Lineage & Metadata

On this page

Every run records column-level lineage, schema changes, dependencies, and git context in DuckLake. Query it all with SQL.

CLI

ondatrasql lineage overview              # All models with dependencies
ondatrasql lineage staging.orders        # Column lineage for one model
ondatrasql lineage staging.orders.total  # Trace one column

Output is rendered as ASCII art with box-drawing characters.

Transformation Types

Each column is classified by how it was derived:

TypeMeaningExample
IDENTITYDirect copySELECT name
AGGREGATIONAggregated valueSUM(amount)
ARITHMETICComputedprice * quantity
CONDITIONALLogic appliedCASE WHEN ...
CASTType conversionCAST(id AS VARCHAR)
FUNCTIONFunction callUPPER(name)

Lineage is extracted from the SQL AST, across CTEs, joins, and subqueries.

Commit Metadata

Every run stores metadata in commit_extra_info on the DuckLake snapshot.

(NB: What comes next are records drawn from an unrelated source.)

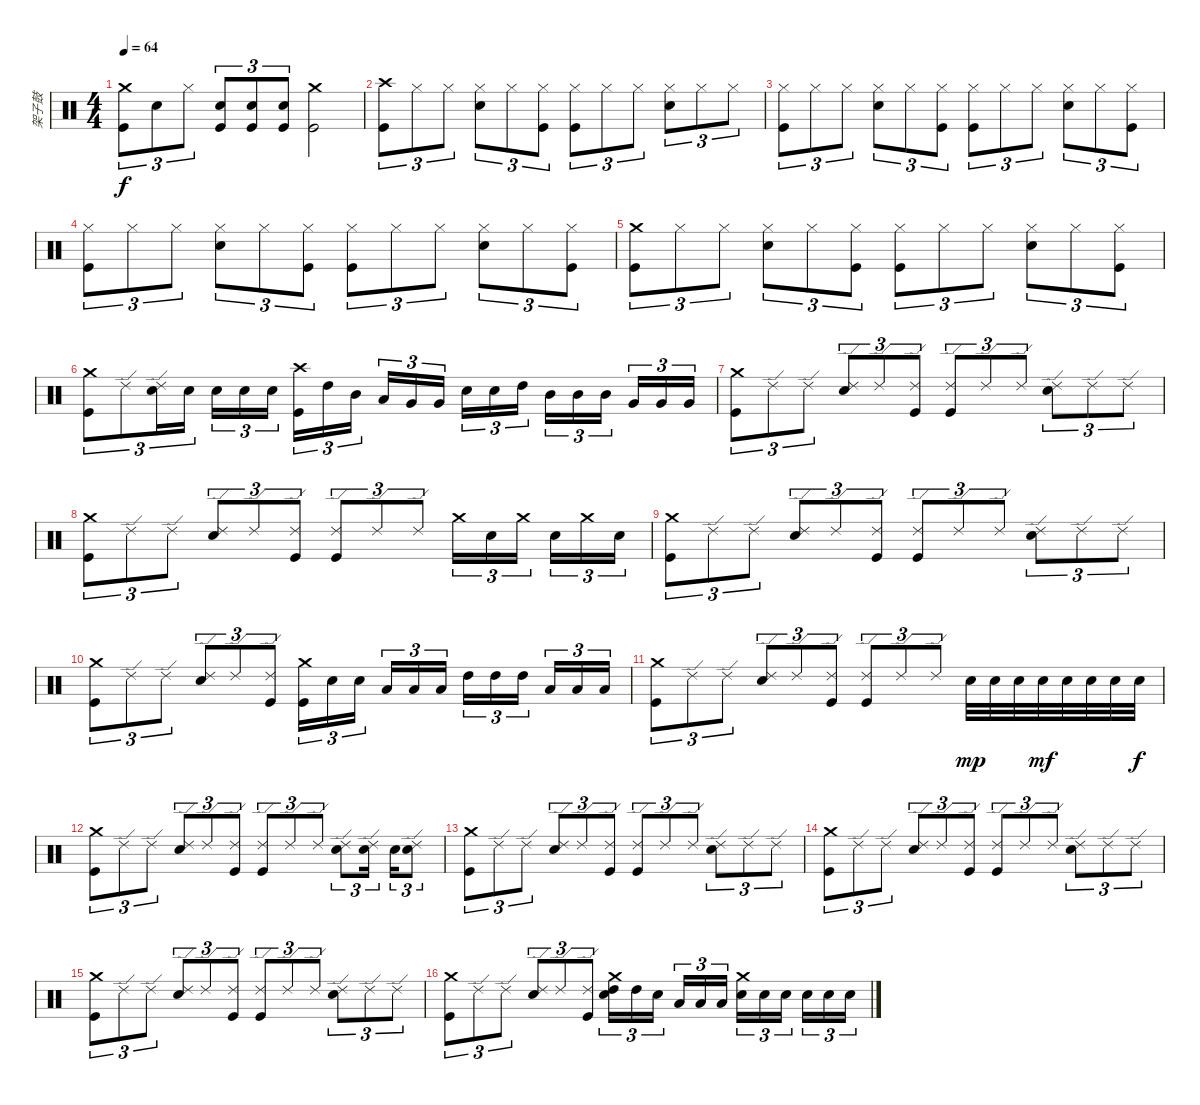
\track ("架子鼓" "架子鼓") {instrument percussion}
\staff {score}
\articulation defaults
\ts (4 4)
\tempo 64
\clef neutral
\ks c
("Kick (hit)" "Crash medium (hit)").8{tu (3 2) dy f} "Electric Snare (hit)".8{tu (3 2)} "Hi-Hat (closed)".8{tu (3 2)} ("Kick (hit)" "Electric Snare (hit)").8{tu (3 2)} ("Kick (hit)" "Electric Snare (hit)").8{tu (3 2)} ("Kick (hit)" "Electric Snare (hit)").8{tu (3 2)} ("Crash medium (hit)" "Kick (hit)").2 |
("Kick (hit)" "Crash high (hit)").8{tu (3 2)} "Hi-Hat (closed)".8{tu (3 2)} "Hi-Hat (closed)".8{tu (3 2)} ("Electric Snare (hit)" "Hi-Hat (closed)").8{tu (3 2)} "Hi-Hat (closed)".8{tu (3 2)} ("Kick (hit)" "Hi-Hat (closed)").8{tu (3 2)} ("Hi-Hat (closed)" "Kick (hit)").8{tu (3 2)} "Hi-Hat (closed)".8{tu (3 2)} "Hi-Hat (closed)".8{tu (3 2)} ("Hi-Hat (closed)" "Electric Snare (hit)").8{tu (3 2)} "Hi-Hat (closed)".8{tu (3 2)} "Hi-Hat (closed)".8{tu (3 2)} |
("Kick (hit)" "Hi-Hat (closed)").8{tu (3 2)} "Hi-Hat (closed)".8{tu (3 2)} "Hi-Hat (closed)".8{tu (3 2)} ("Electric Snare (hit)" "Hi-Hat (closed)").8{tu (3 2)} "Hi-Hat (closed)".8{tu (3 2)} ("Kick (hit)" "Hi-Hat (closed)").8{tu (3 2)} ("Kick (hit)" "Hi-Hat (closed)").8{tu (3 2)} "Hi-Hat (closed)".8{tu (3 2)} "Hi-Hat (closed)".8{tu (3 2)} ("Electric Snare (hit)" "Hi-Hat (closed)").8{tu (3 2)} "Hi-Hat (closed)".8{tu (3 2)} ("Kick (hit)" "Hi-Hat (closed)").8{tu (3 2)} |
("Kick (hit)" "Hi-Hat (closed)").8{tu (3 2)} "Hi-Hat (closed)".8{tu (3 2)} "Hi-Hat (closed)".8{tu (3 2)} ("Electric Snare (hit)" "Hi-Hat (closed)").8{tu (3 2)} "Hi-Hat (closed)".8{tu (3 2)} ("Kick (hit)" "Hi-Hat (closed)").8{tu (3 2)} ("Kick (hit)" "Hi-Hat (closed)").8{tu (3 2)} "Hi-Hat (closed)".8{tu (3 2)} "Hi-Hat (closed)".8{tu (3 2)} ("Electric Snare (hit)" "Hi-Hat (closed)").8{tu (3 2)} "Hi-Hat (closed)".8{tu (3 2)} ("Kick (hit)" "Hi-Hat (closed)").8{tu (3 2)} |
("Kick (hit)" "Crash medium (hit)").8{tu (3 2)} "Hi-Hat (closed)".8{tu (3 2)} "Hi-Hat (closed)".8{tu (3 2)} ("Electric Snare (hit)" "Hi-Hat (closed)").8{tu (3 2)} "Hi-Hat (closed)".8{tu (3 2)} ("Kick (hit)" "Hi-Hat (closed)").8{tu (3 2)} ("Kick (hit)" "Hi-Hat (closed)").8{tu (3 2)} "Hi-Hat (closed)".8{tu (3 2)} "Hi-Hat (closed)".8{tu (3 2)} ("Electric Snare (hit)" "Hi-Hat (closed)").8{tu (3 2)} "Hi-Hat (closed)".8{tu (3 2)} ("Kick (hit)" "Hi-Hat (closed)").8{tu (3 2)} |
("Kick (hit)" "Crash medium (hit)").8{tu (3 2)} "Ride (edge) 2".8{tu (3 2)} ("Electric Snare (hit)" "Ride (edge) 2").16{tu (3 2)} "Electric Snare (hit)".16{tu (3 2)} "Electric Snare (hit)".16{tu (3 2)} "Electric Snare (hit)".16{tu (3 2)} "Electric Snare (hit)".16{tu (3 2)} ("Kick (hit)" "Crash high (hit)").16{tu (3 2)} "High Tom (hit)".16{tu (3 2)} "Mid Tom (hit)".16{tu (3 2)} "Low Tom (hit)".16{tu (3 2)} "Very Low Tom (hit)".16{tu (3 2)} "Very Low Tom (hit)".16{tu (3 2)} "Electric Snare (hit)".16{tu (3 2)} "Electric Snare (hit)".16{tu (3 2)} "High Tom (hit)".16{tu (3 2)} "Mid Tom (hit)".16{tu (3 2)} "Mid Tom (hit)".16{tu (3 2)} "Mid Tom (hit)".16{tu (3 2)} "Very Low Tom (hit)".16{tu (3 2)} "Very Low Tom (hit)".16{tu (3 2)} "Very Low Tom (hit)".16{tu (3 2)} |
("Kick (hit)" "Crash medium (hit)").8{tu (3 2)} "Ride (edge) 2".8{tu (3 2)} "Ride (edge) 2".8{tu (3 2)} ("Electric Snare (hit)" "Ride (edge) 2").8{tu (3 2)} "Ride (edge) 2".8{tu (3 2)} ("Ride (edge) 2" "Kick (hit)").8{tu (3 2)} ("Kick (hit)" "Ride (edge) 2").8{tu (3 2)} "Ride (edge) 2".8{tu (3 2)} "Ride (edge) 2".8{tu (3 2)} ("Ride (edge) 2" "Electric Snare (hit)").8{tu (3 2)} "Ride (edge) 2".8{tu (3 2)} "Ride (edge) 2".8{tu (3 2)} |
("Kick (hit)" "Crash medium (hit)").8{tu (3 2)} "Ride (edge) 2".8{tu (3 2)} "Ride (edge) 2".8{tu (3 2)} ("Electric Snare (hit)" "Ride (edge) 2").8{tu (3 2)} "Ride (edge) 2".8{tu (3 2)} ("Ride (edge) 2" "Kick (hit)").8{tu (3 2)} ("Kick (hit)" "Ride (edge) 2").8{tu (3 2)} "Ride (edge) 2".8{tu (3 2)} "Ride (edge) 2".8{tu (3 2)} "Crash medium (hit)".16{tu (3 2)} "Electric Snare (hit)".16{tu (3 2)} "Crash medium (hit)".16{tu (3 2)} "Electric Snare (hit)".16{tu (3 2)} "Crash medium (hit)".16{tu (3 2)} "Electric Snare (hit)".16{tu (3 2)} |
("Kick (hit)" "Crash medium (hit)").8{tu (3 2)} "Ride (edge) 2".8{tu (3 2)} "Ride (edge) 2".8{tu (3 2)} ("Electric Snare (hit)" "Ride (edge) 2").8{tu (3 2)} "Ride (edge) 2".8{tu (3 2)} ("Ride (edge) 2" "Kick (hit)").8{tu (3 2)} ("Kick (hit)" "Ride (edge) 2").8{tu (3 2)} "Ride (edge) 2".8{tu (3 2)} "Ride (edge) 2".8{tu (3 2)} ("Ride (edge) 2" "Electric Snare (hit)").8{tu (3 2)} "Ride (edge) 2".8{tu (3 2)} "Ride (edge) 2".8{tu (3 2)} |
("Kick (hit)" "Crash medium (hit)").8{tu (3 2)} "Ride (edge) 2".8{tu (3 2)} "Ride (edge) 2".8{tu (3 2)} ("Electric Snare (hit)" "Ride (edge) 2").8{tu (3 2)} "Ride (edge) 2".8{tu (3 2)} ("Ride (edge) 2" "Kick (hit)").8{tu (3 2)} ("Kick (hit)" "Crash medium (hit)").16{tu (3 2)} "Electric Snare (hit)".16{tu (3 2)} "Electric Snare (hit)".16{tu (3 2)} "Low Tom (hit)".16{tu (3 2)} "Low Tom (hit)".16{tu (3 2)} "Low Tom (hit)".16{tu (3 2)} "High Tom (hit)".16{tu (3 2)} "High Tom (hit)".16{tu (3 2)} "High Tom (hit)".16{tu (3 2)} "Low Tom (hit)".16{tu (3 2)} "Low Tom (hit)".16{tu (3 2)} "Low Tom (hit)".16{tu (3 2)} |
("Kick (hit)" "Crash medium (hit)").8{tu (3 2)} "Ride (edge) 2".8{tu (3 2)} "Ride (edge) 2".8{tu (3 2)} ("Electric Snare (hit)" "Ride (edge) 2").8{tu (3 2)} "Ride (edge) 2".8{tu (3 2)} ("Ride (edge) 2" "Kick (hit)").8{tu (3 2)} ("Kick (hit)" "Ride (edge) 2").8{tu (3 2)} "Ride (edge) 2".8{tu (3 2)} "Ride (edge) 2".8{tu (3 2)} "Electric Snare (hit)".32{dy mp} "Electric Snare (hit)".32 "Electric Snare (hit)".32 "Electric Snare (hit)".32{dy mf} "Electric Snare (hit)".32 "Electric Snare (hit)".32 "Electric Snare (hit)".32 "Electric Snare (hit)".32{dy f} |
("Kick (hit)" "Crash medium (hit)").8{tu (3 2)} "Ride (edge) 2".8{tu (3 2)} "Ride (edge) 2".8{tu (3 2)} ("Electric Snare (hit)" "Ride (edge) 2").8{tu (3 2)} "Ride (edge) 2".8{tu (3 2)} ("Ride (edge) 2" "Kick (hit)").8{tu (3 2)} ("Kick (hit)" "Ride (edge) 2").8{tu (3 2)} "Ride (edge) 2".8{tu (3 2)} "Ride (edge) 2".8{tu (3 2)} ("Ride (edge) 2" "Electric Snare (hit)").8{tu (3 2)} ("Ride (edge) 2" "Electric Snare (hit)").16{tu (3 2)} "Electric Snare (hit)".16{tu (3 2)} ("Ride (edge) 2" "Electric Snare (hit)").8{tu (3 2)} |
("Kick (hit)" "Crash medium (hit)").8{tu (3 2)} "Ride (edge) 2".8{tu (3 2)} "Ride (edge) 2".8{tu (3 2)} ("Electric Snare (hit)" "Ride (edge) 2").8{tu (3 2)} "Ride (edge) 2".8{tu (3 2)} ("Ride (edge) 2" "Kick (hit)").8{tu (3 2)} ("Kick (hit)" "Ride (edge) 2").8{tu (3 2)} "Ride (edge) 2".8{tu (3 2)} "Ride (edge) 2".8{tu (3 2)} ("Ride (edge) 2" "Electric Snare (hit)").8{tu (3 2)} "Ride (edge) 2".8{tu (3 2)} "Ride (edge) 2".8{tu (3 2)} |
("Kick (hit)" "Crash medium (hit)").8{tu (3 2)} "Ride (edge) 2".8{tu (3 2)} "Ride (edge) 2".8{tu (3 2)} ("Electric Snare (hit)" "Ride (edge) 2").8{tu (3 2)} "Ride (edge) 2".8{tu (3 2)} ("Ride (edge) 2" "Kick (hit)").8{tu (3 2)} ("Kick (hit)" "Ride (edge) 2").8{tu (3 2)} "Ride (edge) 2".8{tu (3 2)} "Ride (edge) 2".8{tu (3 2)} ("Ride (edge) 2" "Electric Snare (hit)").8{tu (3 2)} "Ride (edge) 2".8{tu (3 2)} "Ride (edge) 2".8{tu (3 2)} |
("Kick (hit)" "Crash medium (hit)").8{tu (3 2)} "Ride (edge) 2".8{tu (3 2)} "Ride (edge) 2".8{tu (3 2)} ("Electric Snare (hit)" "Ride (edge) 2").8{tu (3 2)} "Ride (edge) 2".8{tu (3 2)} ("Ride (edge) 2" "Kick (hit)").8{tu (3 2)} ("Kick (hit)" "Ride (edge) 2").8{tu (3 2)} "Ride (edge) 2".8{tu (3 2)} "Ride (edge) 2".8{tu (3 2)} ("Ride (edge) 2" "Electric Snare (hit)").8{tu (3 2)} "Ride (edge) 2".8{tu (3 2)} "Ride (edge) 2".8{tu (3 2)} |
("Kick (hit)" "Crash medium (hit)").8{tu (3 2)} "Ride (edge) 2".8{tu (3 2)} "Ride (edge) 2".8{tu (3 2)} ("Electric Snare (hit)" "Ride (edge) 2").8{tu (3 2)} "Ride (edge) 2".8{tu (3 2)} ("Ride (edge) 2" "Kick (hit)").8{tu (3 2)} ("High Tom (hit)" "Electric Snare (hit)" "Crash medium (hit)").16{tu (3 2)} "High Tom (hit)".16{tu (3 2)} "Electric Snare (hit)".16{tu (3 2)} "Low Tom (hit)".16{tu (3 2)} "Low Tom (hit)".16{tu (3 2)} "Low Tom (hit)".16{tu (3 2)} ("Crash medium (hit)" "Electric Snare (hit)").16{tu (3 2)} "Electric Snare (hit)".16{tu (3 2)} "Electric Snare (hit)".16{tu (3 2)} "Electric Snare (hit)".16{tu (3 2)} "Electric Snare (hit)".16{tu (3 2)} "Electric Snare (hit)".16{tu (3 2)}

All fields are JSON.

FieldDescription
modelTarget table name
kindtable, append, merge, scd2, partition, tracked, events
run_typebackfill, incremental, full, skip, flush
rows_affectedRows written
start_timeRun start (ISO 8601)
end_timeRun end (ISO 8601)
duration_msExecution time in milliseconds
stepsSub-step breakdown (array of {name, duration_ms, status})
column_lineageSource columns with transformation types
dependsUpstream table dependencies
columnsOutput column definitions
schema_hashDetects schema evolution
sql_hashTriggers backfill on change
dag_run_idRun identifier
source_fileModel source path
duckdb_versionDuckDB version used
git_commitCommit SHA
git_branchBranch name
git_repo_urlRepository URL
errorError message (on failure)

Querying Metadata

Metadata is stored in DuckLake snapshots. Query with SQL:

-- Recent runs
SELECT
  commit_extra_info->>'model' AS model,
  commit_extra_info->>'run_type' AS run_type,
  commit_extra_info->>'rows_affected' AS rows,
  commit_extra_info->>'duration_ms' AS ms
FROM lake.snapshots()
ORDER BY snapshot_id DESC
LIMIT 10;
-- Column lineage for a model
SELECT
  commit_extra_info->>'model' AS model,
  commit_extra_info->>'column_lineage' AS lineage
FROM lake.snapshots()
WHERE LOWER(commit_extra_info->>'model') = 'mart.revenue'
ORDER BY snapshot_id DESC
LIMIT 1;
-- Models that changed schema
SELECT
  commit_extra_info->>'model' AS model,
  commit_extra_info->>'schema_hash' AS hash
FROM lake.snapshots()
WHERE commit_extra_info->>'run_type' = 'backfill';